- Developer(s): Holistic Design
- Publisher(s): Quantum Quality Productions
- Designer(s): Ken Lightner
- Programmer(s): Ken Lightner
- Artist(s): Ty Pike
- Composer(s): Rob Lefebvre
- Platform(s): MS-DOS
- Release: 1992
- Genre(s): Turn-based strategy
- Mode(s): Single-player, multiplayer

= Battles of Destiny =

1992 video game

Battles of Destiny is a 1992 strategy video game developed by Holistic Design (as "Several Holistic Dudes") and published by Quantum Quality Productions.

==Gameplay==
Battles of Destiny is turn-based, and takes place on maps that represent the earth or fictional worlds. Cities on these maps allow players to produce units; production requires time rather than money, as more sophisticated units take longer to manufacture. Twenty different unit types are available in the game, including land, sea and air units.

==Development==
In its January 1993 issue, Computer Gaming World reported that Quantum Quality Productions (QQP) had "recently" purchased Battles of Destiny from an unnamed developer in Atlanta, Georgia. The game was accepted through QQP's "unsolicited submissions" program, which had previously resulted in Solitaire's Journey by designer Andrew Visscher. Battles of Destiny was developed by Holistic Design, then under the name Several Holistic Dudes. It was the team's first computer game. The game was announced at the 1992 Consumer Electronics Show, alongside Conquered Kingdoms. It was released in 1992.

==Reception==
The game received a score of 4/5 from Lee Buchanan of Game Players PC Entertainment. In Computer Gaming World, William R. Trotter offered Battles of Destiny a positive review, calling it "seductively easy-to-learn and quite addictive to play." The Chicago Tribunes Dennis Lynch praised the game.

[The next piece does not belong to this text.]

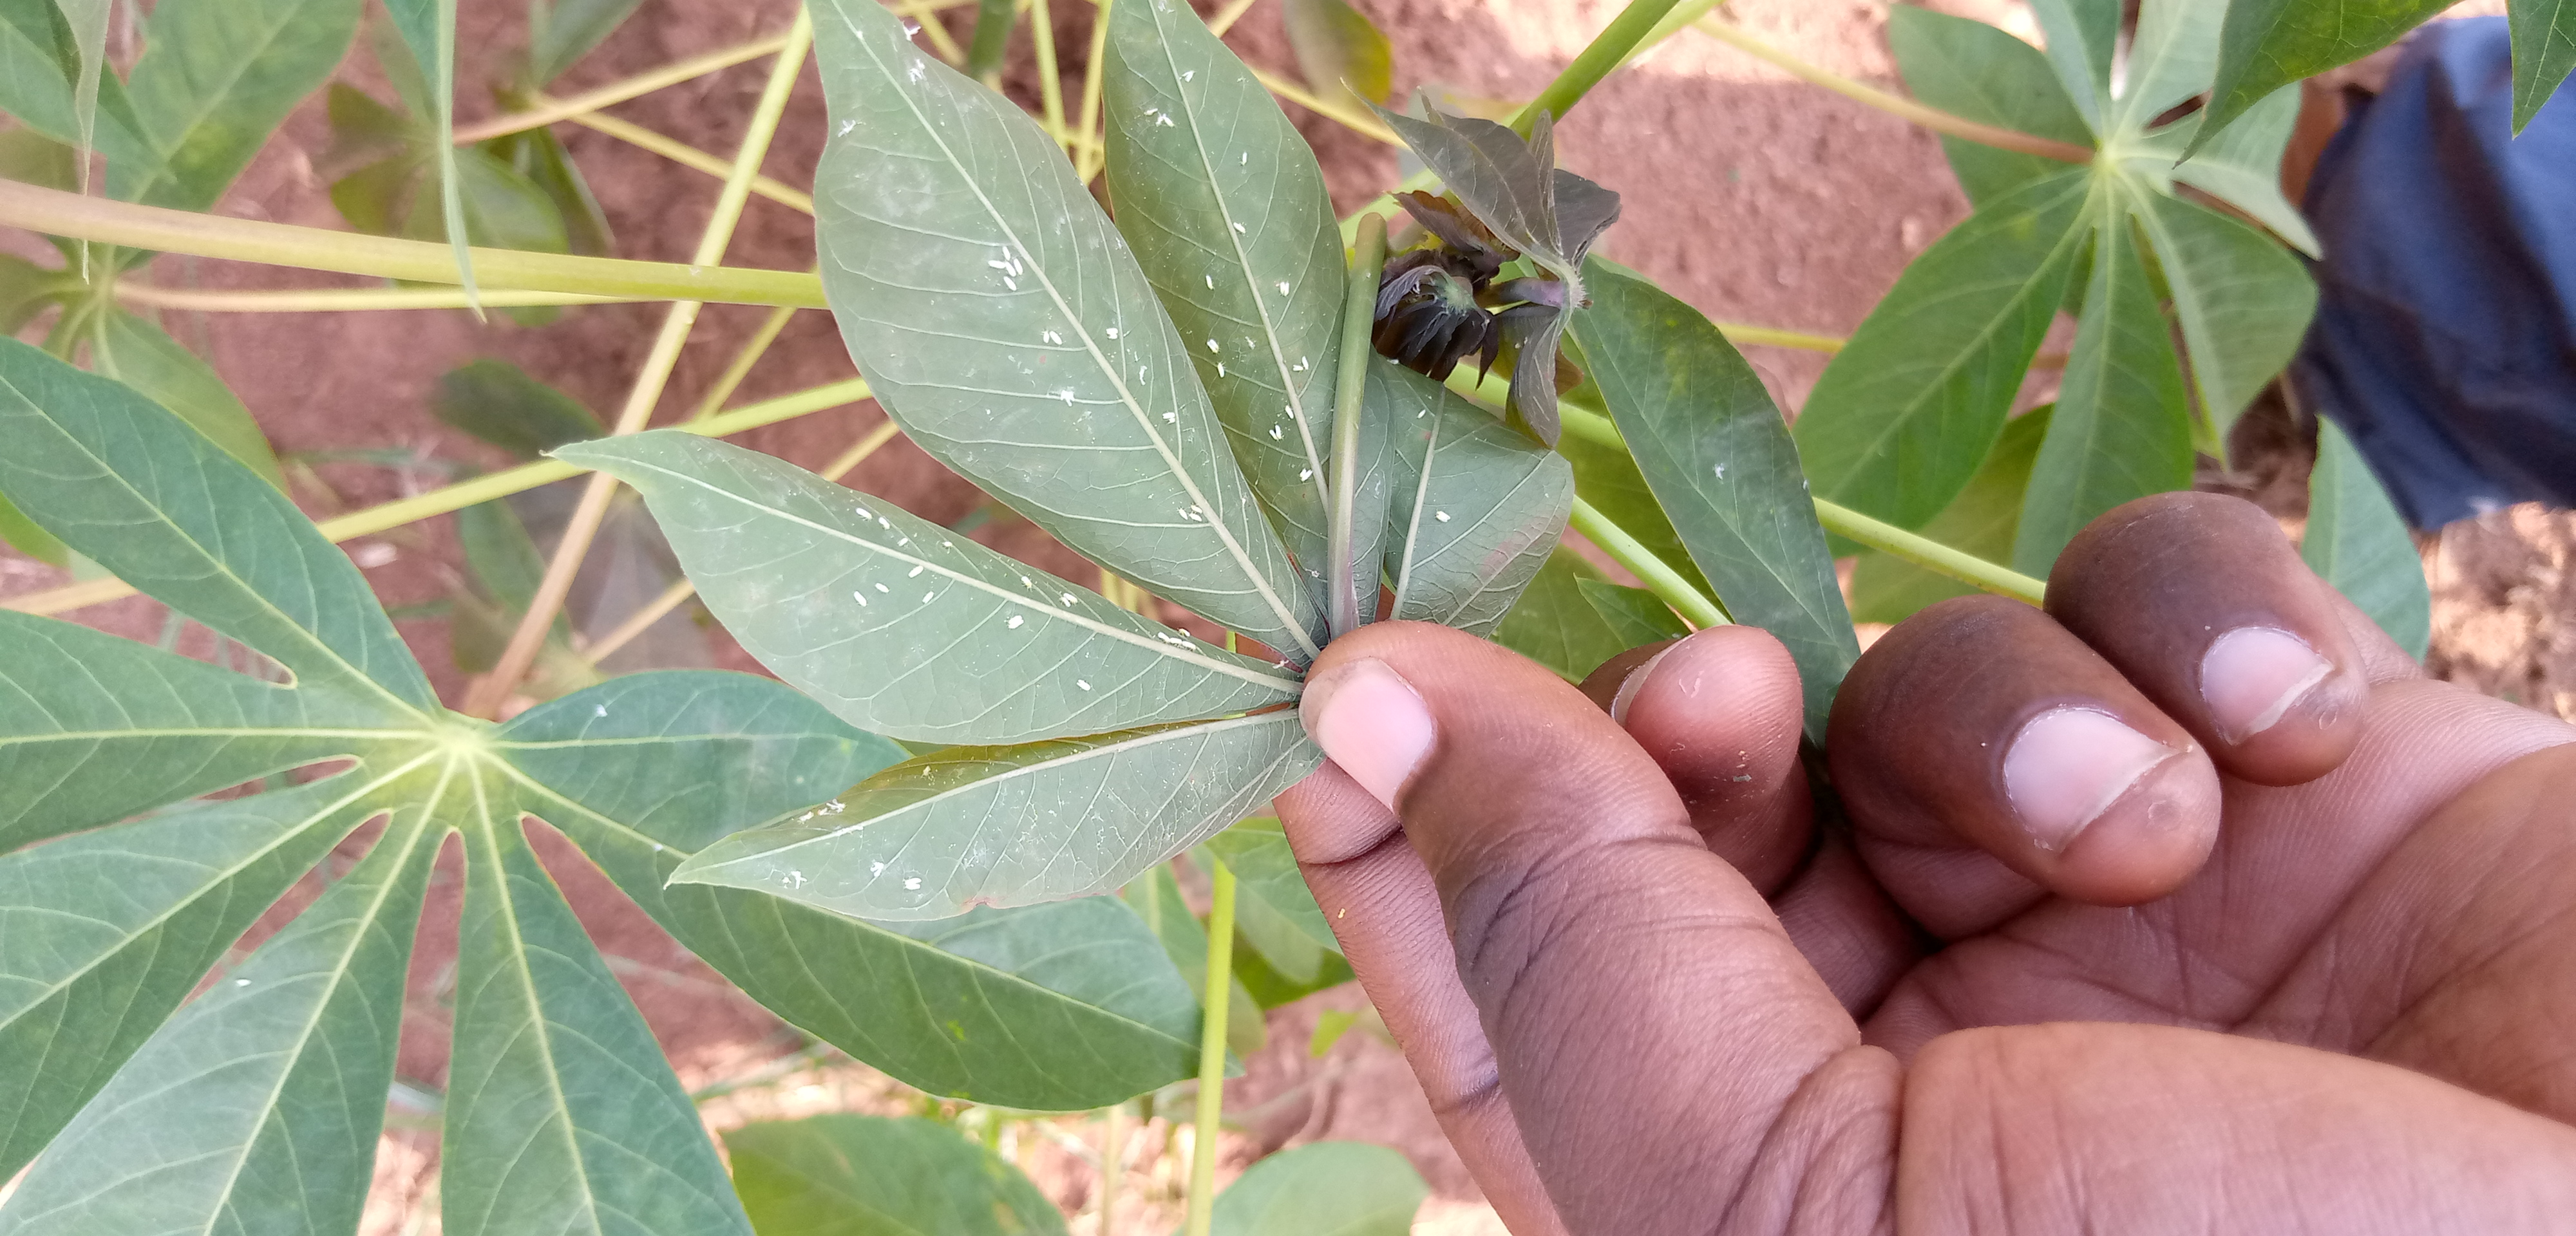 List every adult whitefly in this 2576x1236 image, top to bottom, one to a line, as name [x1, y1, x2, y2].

Brian Walker of Computer Games Strategy Plus called Battles of Destiny "a fine game, and one that warrants repeated play as well as offering a serious cerebral challenge."

===Legacy===
Holistic Design later released Battles of Destiny as freeware. Noting that it could be emulated with DOSBox, writer Jerry Pournelle wrote in 2011 that Battles of Destiny "holds up pretty well if you like that sort of thing".